John's cookies were only half-baked but he still carries them for Mary.


#### Sentence Transformers, all-MiniLM-L6-v2

##### Model Architecture
- **Base Model:** Based on Microsoft's **MiniLM** (Mini Language Model), a lightweight version of larger transformer models like BERT and RoBERTa.
- **Layers:** 6 transformer layers (L6 indicates this).
- **Hidden Size:** 384 hidden dimensions, making it smaller and faster while maintaining strong performance.
- **Distillation:** Trained using **knowledge distillation** from a larger model (e.g., BERT), learning to replicate its outputs with fewer parameters.

##### Datasets Used
- Fine-tuned on large-scale **sentence-pair datasets** for tasks such as semantic similarity and paraphrase detection.
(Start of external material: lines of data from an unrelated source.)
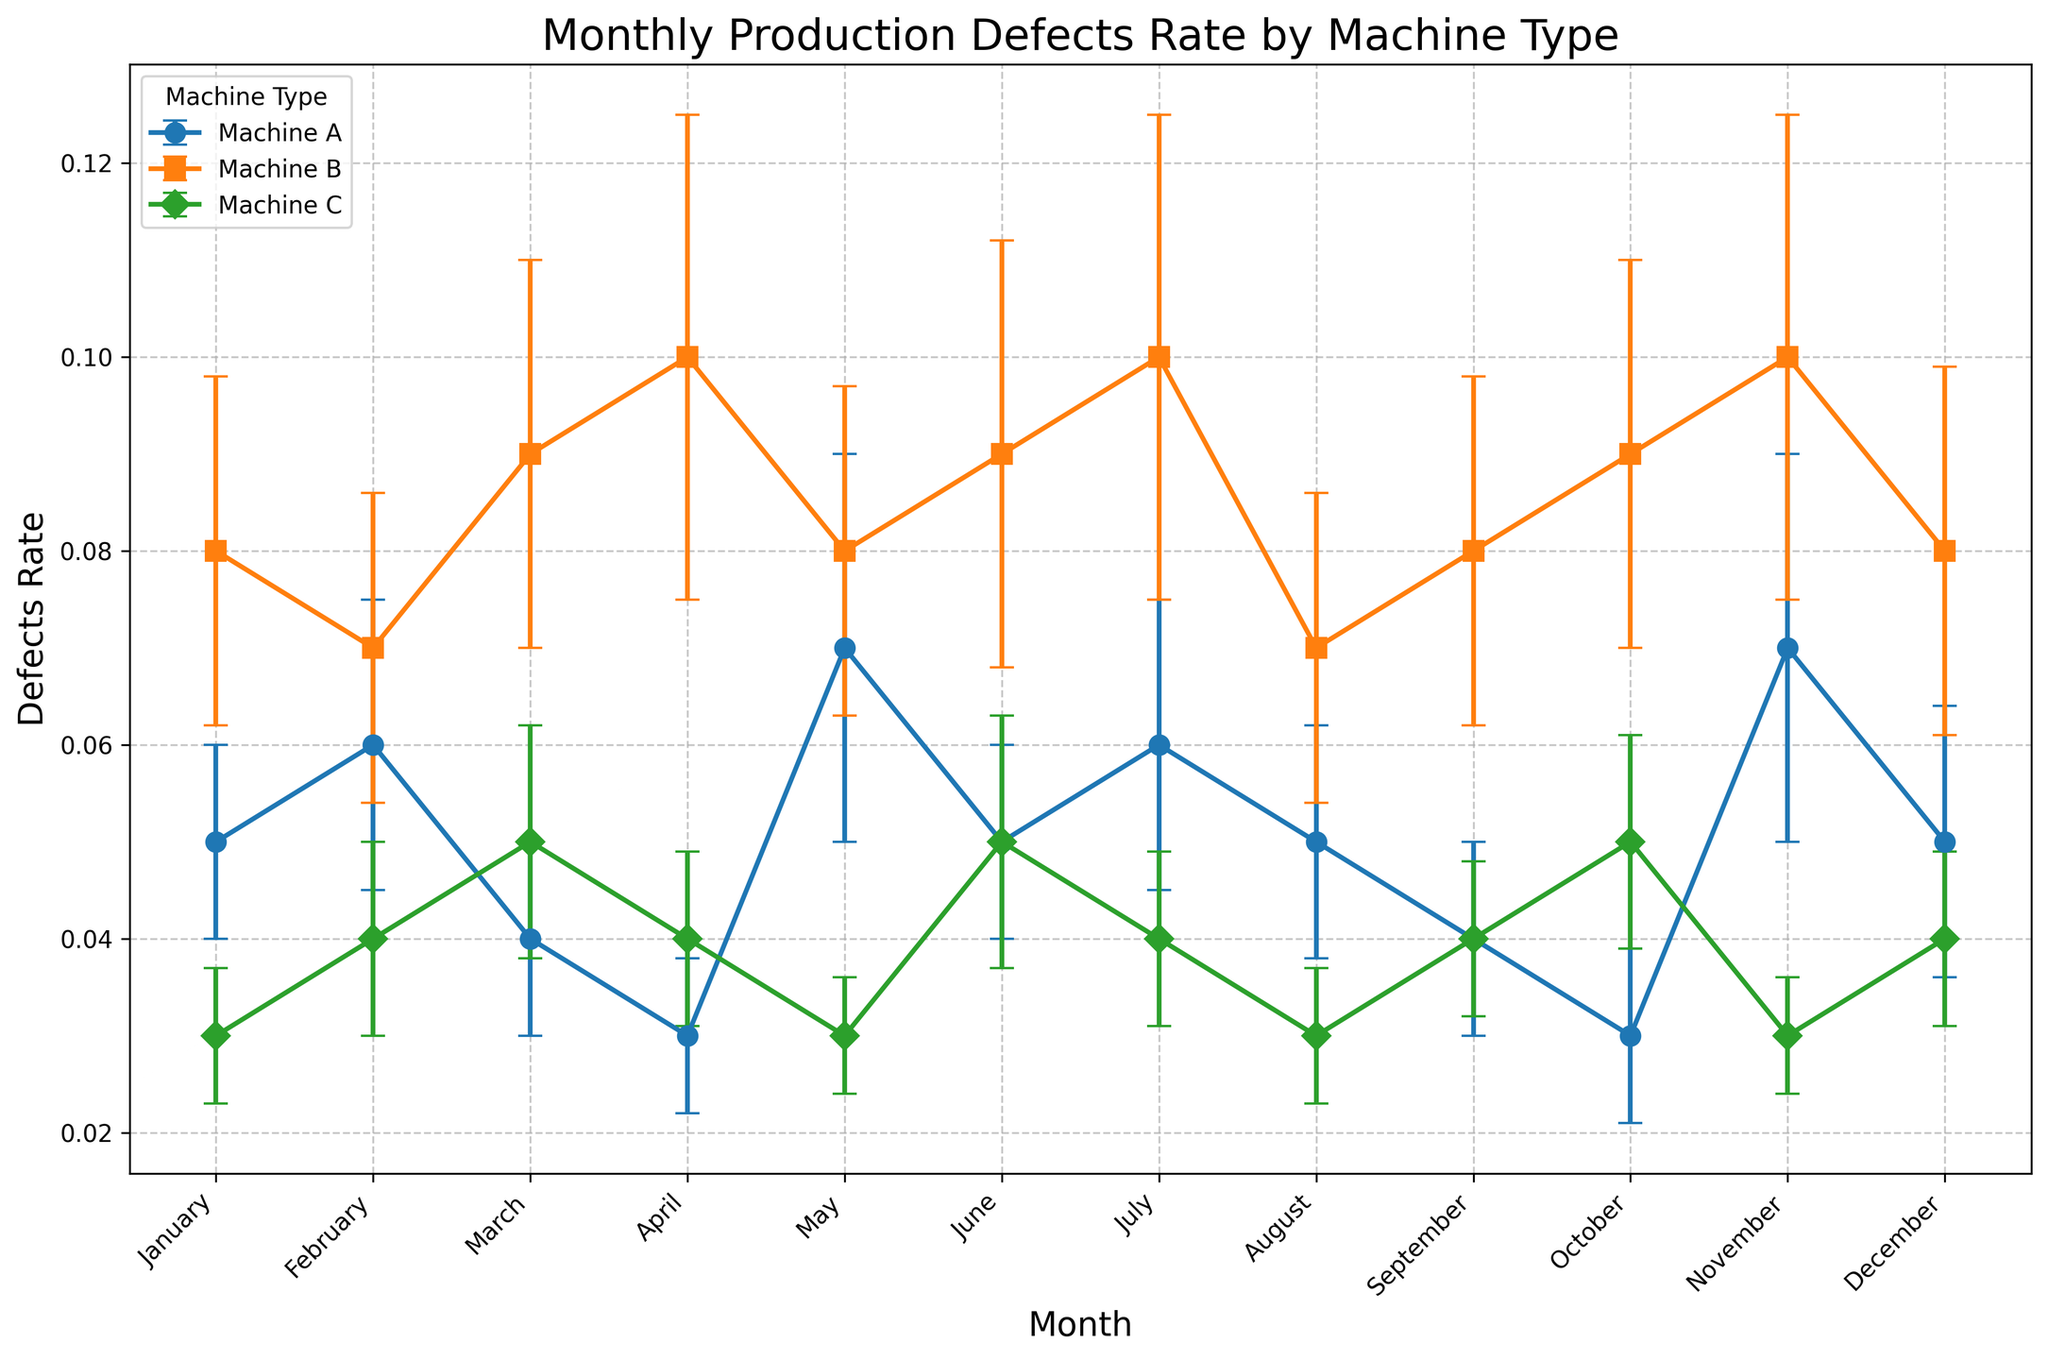Which machine type had the highest defect rate in April? By observing the chart, we can see that Machine B had the highest defect rate in April, with a defect rate of 0.1.
Answer: Machine B What is the average defect rate for Machine A over the year? To find the average defect rate for Machine A, add up all the defect rates for each month and then divide by the number of months (12). The sum of defect rates is 0.05 + 0.06 + 0.04 + 0.03 + 0.07 + 0.05 + 0.06 + 0.05 + 0.04 + 0.03 + 0.07 + 0.05 = 0.6. So, the average is 0.6/12 = 0.05.
Answer: 0.05 In which month did Machine C have its highest defect rate? By looking at the chart, the peak defect rate for Machine C occurred in March and October, both having a defect rate of 0.05.
Answer: March and October How does the defect rate of Machine A in February compare to that of Machine B in February? By observing the chart, Machine A's defect rate in February is 0.06 while Machine B's defect rate in February is 0.07. Hence, Machine B's defect rate is higher than Machine A's in February.
Answer: Machine B's defect rate is higher What is the total defect rate for Machines B and C combined in June? To find the total defect rate, sum the defect rates for Machine B and Machine C in June. Machine B's rate is 0.09 and Machine C's rate is 0.05. Therefore, 0.09 + 0.05 = 0.14.
Answer: 0.14 Which machine has the most consistent defect rate throughout the year? By observing the error bars (standard deviation) in the chart, Machine C generally has smaller error bars. This indicates that Machine C has the most consistent defect rate throughout the year.
Answer: Machine C 
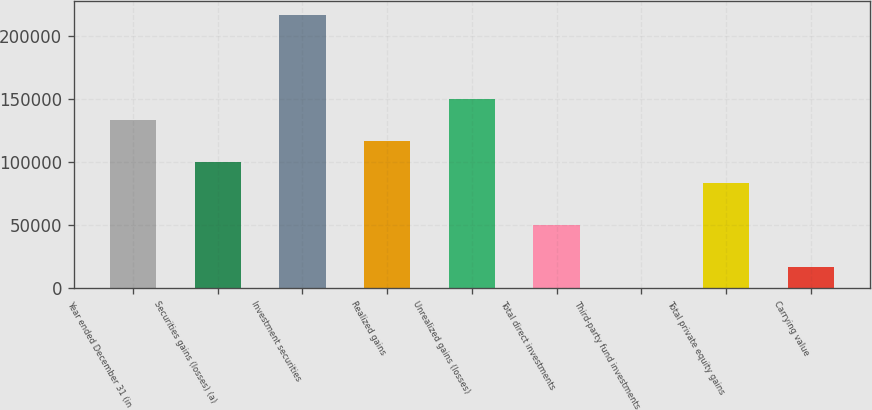<chart> <loc_0><loc_0><loc_500><loc_500><bar_chart><fcel>Year ended December 31 (in<fcel>Securities gains (losses) (a)<fcel>Investment securities<fcel>Realized gains<fcel>Unrealized gains (losses)<fcel>Total direct investments<fcel>Third-party fund investments<fcel>Total private equity gains<fcel>Carrying value<nl><fcel>133356<fcel>100050<fcel>216621<fcel>116703<fcel>150009<fcel>50090.3<fcel>131<fcel>83396.5<fcel>16784.1<nl></chart> 
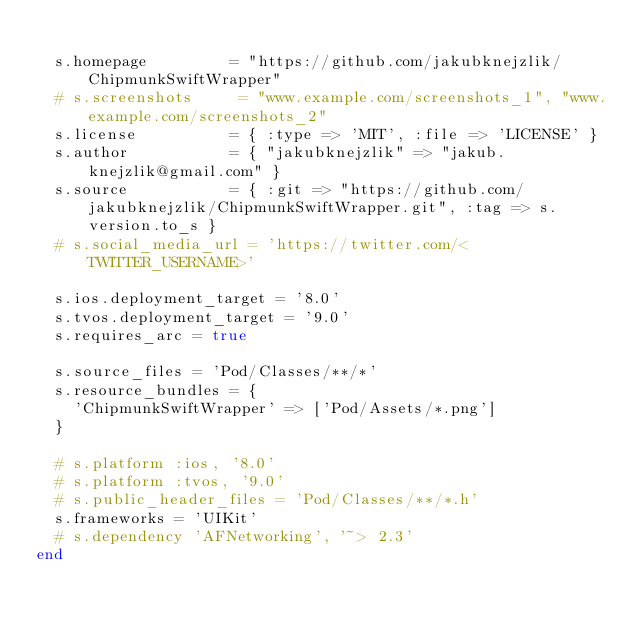<code> <loc_0><loc_0><loc_500><loc_500><_Ruby_>
  s.homepage         = "https://github.com/jakubknejzlik/ChipmunkSwiftWrapper"
  # s.screenshots     = "www.example.com/screenshots_1", "www.example.com/screenshots_2"
  s.license          = { :type => 'MIT', :file => 'LICENSE' }
  s.author           = { "jakubknejzlik" => "jakub.knejzlik@gmail.com" }
  s.source           = { :git => "https://github.com/jakubknejzlik/ChipmunkSwiftWrapper.git", :tag => s.version.to_s }
  # s.social_media_url = 'https://twitter.com/<TWITTER_USERNAME>'

  s.ios.deployment_target = '8.0'
  s.tvos.deployment_target = '9.0'
  s.requires_arc = true

  s.source_files = 'Pod/Classes/**/*'
  s.resource_bundles = {
    'ChipmunkSwiftWrapper' => ['Pod/Assets/*.png']
  }

  # s.platform :ios, '8.0'
  # s.platform :tvos, '9.0'
  # s.public_header_files = 'Pod/Classes/**/*.h'
  s.frameworks = 'UIKit'
  # s.dependency 'AFNetworking', '~> 2.3'
end
</code> 
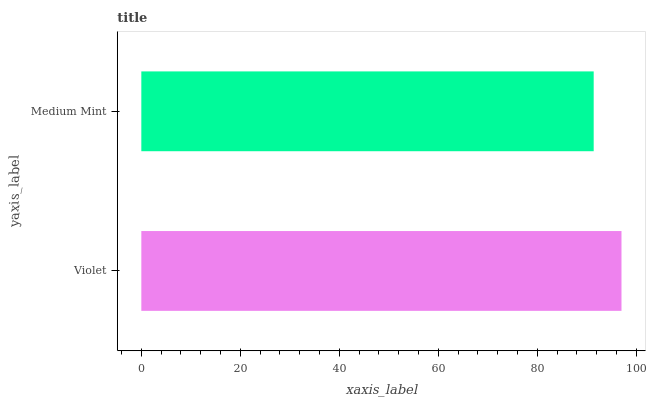Is Medium Mint the minimum?
Answer yes or no. Yes. Is Violet the maximum?
Answer yes or no. Yes. Is Medium Mint the maximum?
Answer yes or no. No. Is Violet greater than Medium Mint?
Answer yes or no. Yes. Is Medium Mint less than Violet?
Answer yes or no. Yes. Is Medium Mint greater than Violet?
Answer yes or no. No. Is Violet less than Medium Mint?
Answer yes or no. No. Is Violet the high median?
Answer yes or no. Yes. Is Medium Mint the low median?
Answer yes or no. Yes. Is Medium Mint the high median?
Answer yes or no. No. Is Violet the low median?
Answer yes or no. No. 
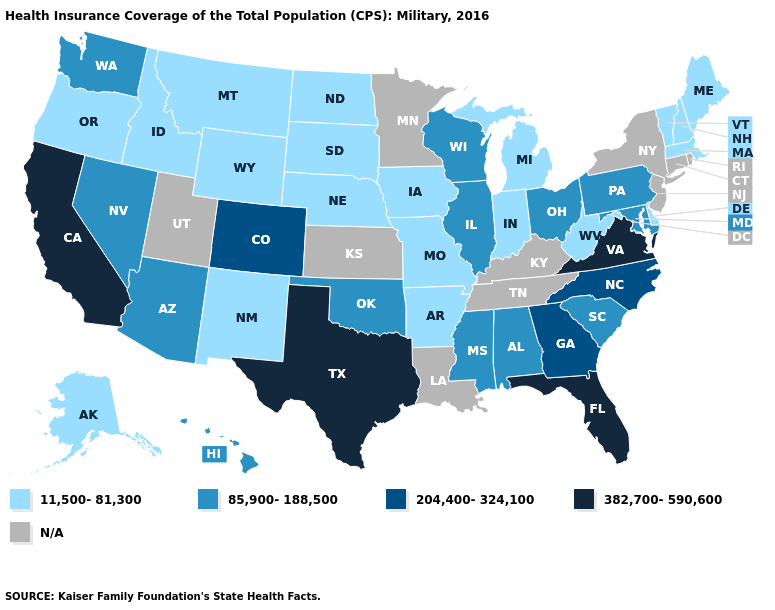What is the lowest value in the USA?
Keep it brief. 11,500-81,300. Name the states that have a value in the range 11,500-81,300?
Quick response, please. Alaska, Arkansas, Delaware, Idaho, Indiana, Iowa, Maine, Massachusetts, Michigan, Missouri, Montana, Nebraska, New Hampshire, New Mexico, North Dakota, Oregon, South Dakota, Vermont, West Virginia, Wyoming. Name the states that have a value in the range 204,400-324,100?
Give a very brief answer. Colorado, Georgia, North Carolina. Name the states that have a value in the range 204,400-324,100?
Short answer required. Colorado, Georgia, North Carolina. What is the lowest value in the USA?
Short answer required. 11,500-81,300. What is the lowest value in the Northeast?
Be succinct. 11,500-81,300. Which states have the highest value in the USA?
Short answer required. California, Florida, Texas, Virginia. What is the highest value in the USA?
Concise answer only. 382,700-590,600. What is the value of Georgia?
Short answer required. 204,400-324,100. Which states have the lowest value in the USA?
Concise answer only. Alaska, Arkansas, Delaware, Idaho, Indiana, Iowa, Maine, Massachusetts, Michigan, Missouri, Montana, Nebraska, New Hampshire, New Mexico, North Dakota, Oregon, South Dakota, Vermont, West Virginia, Wyoming. Among the states that border Wisconsin , does Illinois have the highest value?
Concise answer only. Yes. What is the value of North Carolina?
Answer briefly. 204,400-324,100. 
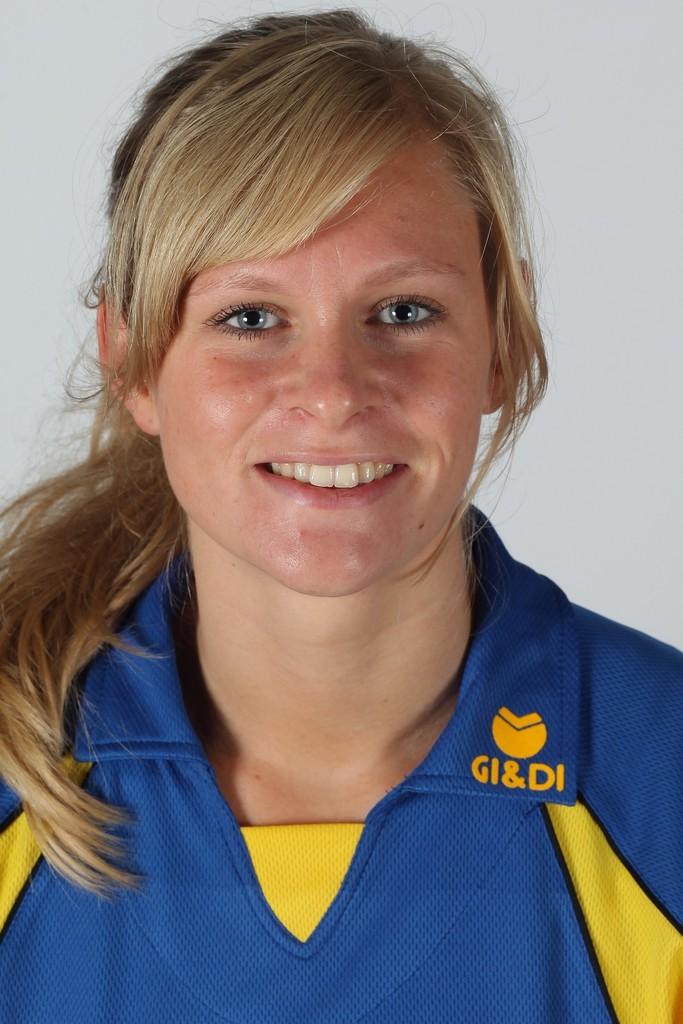What does it say below the symbol on this person's shirt collar?
Provide a short and direct response. Gi&di. 
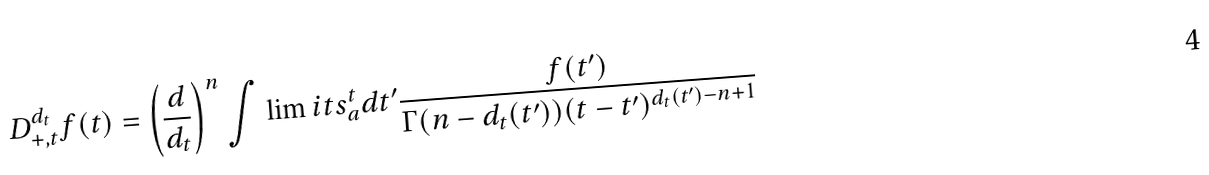Convert formula to latex. <formula><loc_0><loc_0><loc_500><loc_500>D _ { + , t } ^ { d _ { t } } f ( t ) = \left ( \frac { d } { d _ { t } } \right ) ^ { n } \int \lim i t s _ { a } ^ { t } { d t ^ { \prime } \frac { f ( t ^ { \prime } ) } { \Gamma ( n - d _ { t } ( t ^ { \prime } ) ) ( t - t ^ { \prime } ) ^ { d _ { t } ( t ^ { \prime } ) - n + 1 } } }</formula> 
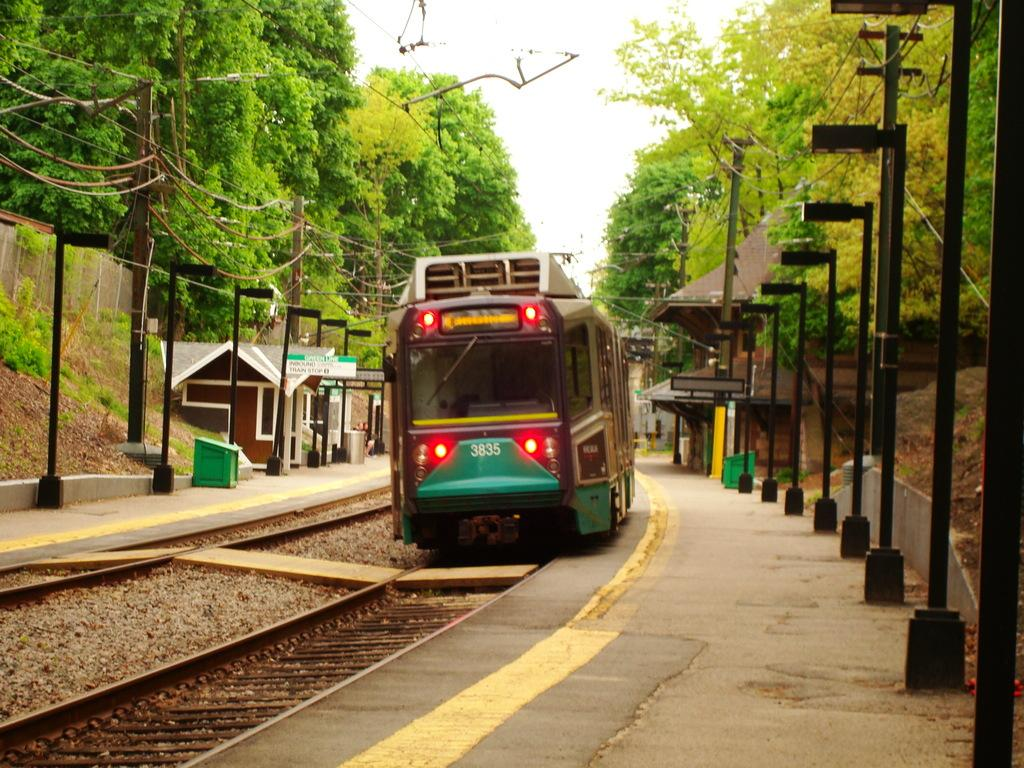What is the main subject of the image? The main subject of the image is a train. Where is the train located in relation to the poles? The train is between poles in the image. What type of vegetation can be seen in the top left and top right of the image? There are trees in the top left and top right of the image. What is visible at the top of the image? The sky is visible at the top of the image. How many chalk pieces are scattered on the train tracks in the image? There are no chalk pieces visible on the train tracks in the image. What type of plantation can be seen in the background of the image? There is no plantation present in the image; it features a train between poles with trees and sky visible. 
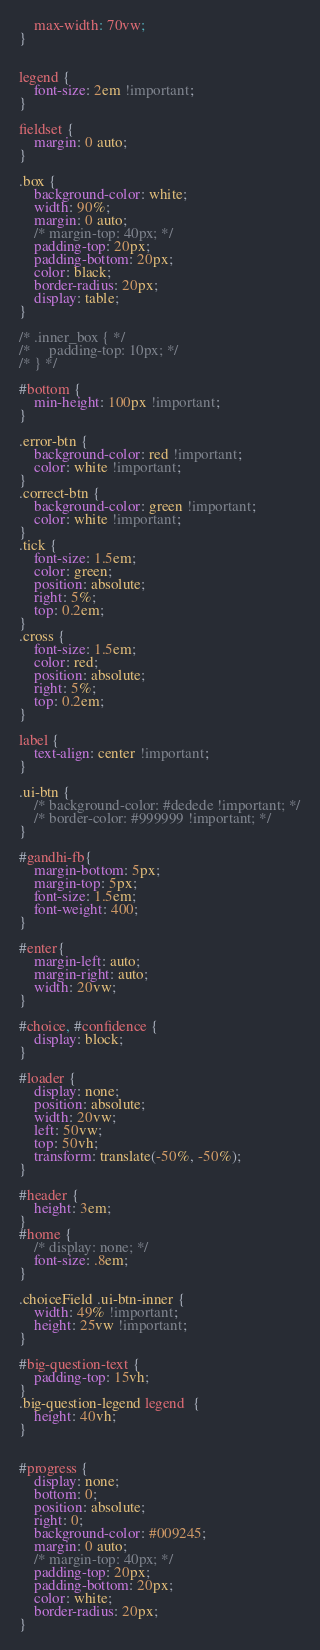<code> <loc_0><loc_0><loc_500><loc_500><_CSS_>    max-width: 70vw;
}
    

legend {
    font-size: 2em !important;
}

fieldset {
    margin: 0 auto;    
}

.box {
    background-color: white;
    width: 90%;
    margin: 0 auto;
    /* margin-top: 40px; */
    padding-top: 20px;
    padding-bottom: 20px;
    color: black;
    border-radius: 20px;
    display: table;
}

/* .inner_box { */
/*     padding-top: 10px; */
/* } */

#bottom {
    min-height: 100px !important;
}

.error-btn {
    background-color: red !important;
    color: white !important;
}
.correct-btn {
    background-color: green !important;
    color: white !important;
}
.tick {
    font-size: 1.5em;
    color: green;
    position: absolute;
    right: 5%;
    top: 0.2em;    
}
.cross {
    font-size: 1.5em;
    color: red;
    position: absolute;
    right: 5%;
    top: 0.2em;    
}

label {
    text-align: center !important;
}

.ui-btn {
    /* background-color: #dedede !important; */
    /* border-color: #999999 !important; */
}

#gandhi-fb{
    margin-bottom: 5px;
    margin-top: 5px;
    font-size: 1.5em;
    font-weight: 400;    
}

#enter{
    margin-left: auto;
    margin-right: auto;
    width: 20vw;
}

#choice, #confidence {
    display: block;
}

#loader {
    display: none;
    position: absolute;
    width: 20vw;
    left: 50vw;
    top: 50vh;
    transform: translate(-50%, -50%);
}

#header {
    height: 3em;
}
#home {
    /* display: none; */
    font-size: .8em;
}

.choiceField .ui-btn-inner {
    width: 49% !important;
    height: 25vw !important;
}

#big-question-text {
    padding-top: 15vh;
}
.big-question-legend legend  {
    height: 40vh;
}


#progress {
    display: none;
    bottom: 0;
    position: absolute;
    right: 0;
    background-color: #009245;
    margin: 0 auto;
    /* margin-top: 40px; */
    padding-top: 20px;
    padding-bottom: 20px;
    color: white;
    border-radius: 20px;
}
</code> 
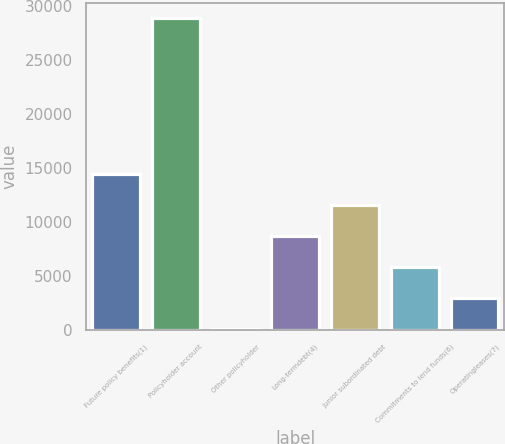Convert chart. <chart><loc_0><loc_0><loc_500><loc_500><bar_chart><fcel>Future policy benefits(1)<fcel>Policyholder account<fcel>Other policyholder<fcel>Long-termdebt(4)<fcel>Junior subordinated debt<fcel>Commitments to lend funds(6)<fcel>Operatingleases(7)<nl><fcel>14489<fcel>28884<fcel>94<fcel>8731<fcel>11610<fcel>5852<fcel>2973<nl></chart>

Key datasets include:
  - **STS (Semantic Textual Similarity) benchmark:** Measures how semantically similar two sentences are.
  - **Quora Question Pairs:** Used for detecting duplicate or paraphrased questions.
  - **NLI (Natural Language Inference) datasets:** Trained to classify sentence pairs as entailment, contradiction, or neutral.

##### Practical Use Cases
- **Semantic Search:** Enables finding semantically similar sentences or documents, improving search engine results and information retrieval.
- **Text Clustering:** Clustering similar sentences or paragraphs, helpful for organizing or summarizing text datasets.
- **Paraphrase Identification:** Detects whether two sentences convey the same meaning but in different words.
- **Recommendation Systems:** Generates content-based recommendations by comparing text descriptions of items through embeddings.
- **Zero-shot Classification:** Uses embeddings to classify text into categories by comparing sentence similarity, even without labeled data for each class.

The all-MiniLM-L6-v2 model is optimized for tasks requiring sentence-level embeddings, balancing speed and memory efficiency with robust performance.